There should be a good balance between what you say and how you say it. The tone of your voice is important, just as much as what you’re actually saying. They say that you can get more with honey than with vinegar, which basically means that when you’re sweet, loving, and kind, you’re bound to get further or more likely to get what you want. And sometimes getting what you want, is merely being understood in a conversation.
No one wants to listen to someone who they feel is bullying them or forcing them to listen. And just as well, no one wants to feel that they can’t get a word in, as if you’re doing all of the talking.
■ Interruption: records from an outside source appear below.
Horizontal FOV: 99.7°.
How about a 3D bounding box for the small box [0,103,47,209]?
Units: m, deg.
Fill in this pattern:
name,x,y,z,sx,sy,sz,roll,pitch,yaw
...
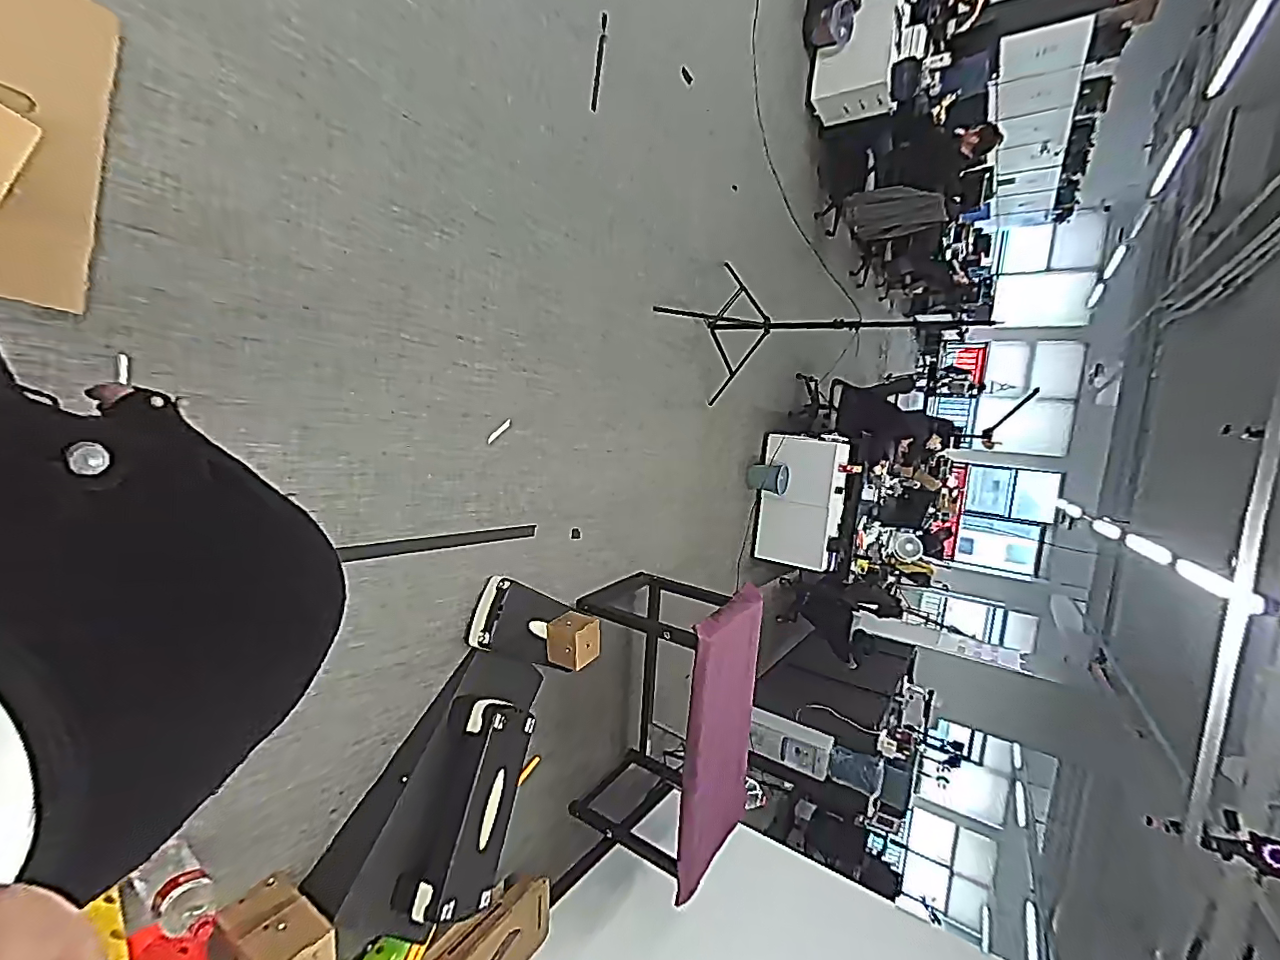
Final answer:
name,x,y,z,sx,sy,sz,roll,pitch,yaw
small box,-1.166,-0.573,0.906,0.179,0.176,0.168,31,74,-52

Part of having good communication is speaking in a kind and loving tone, choosing your words wisely, and listening to the other person when it’s their turn to speak.
Many times, it’s simply hard to get our points across to others when we speak, because either what we say is too harsh or direct, or perhaps because the tone of our voice can be so dominant, demeaning, and where many times, people might come across as bullies or just simply nasty. And the problem when someone speaks in such a harsh tone is that most people won’t want to listen to what someone has to say, because of their approach. But then again, when someone speaks in a soft and sweet tone, but says nasty things, they end up with the same outcome.
Remember, there should be a balance when it comes to what you say and how you say things. When you want someone to listen to you, so that not only you feel heard, but so that perhaps they’ll do what you want or at least understand the point that you’re trying to get across, it’s important to have enough self-control and watch the tone of your voice, how loud you speak, the energy you’re giving off when you speak, and what you actually say.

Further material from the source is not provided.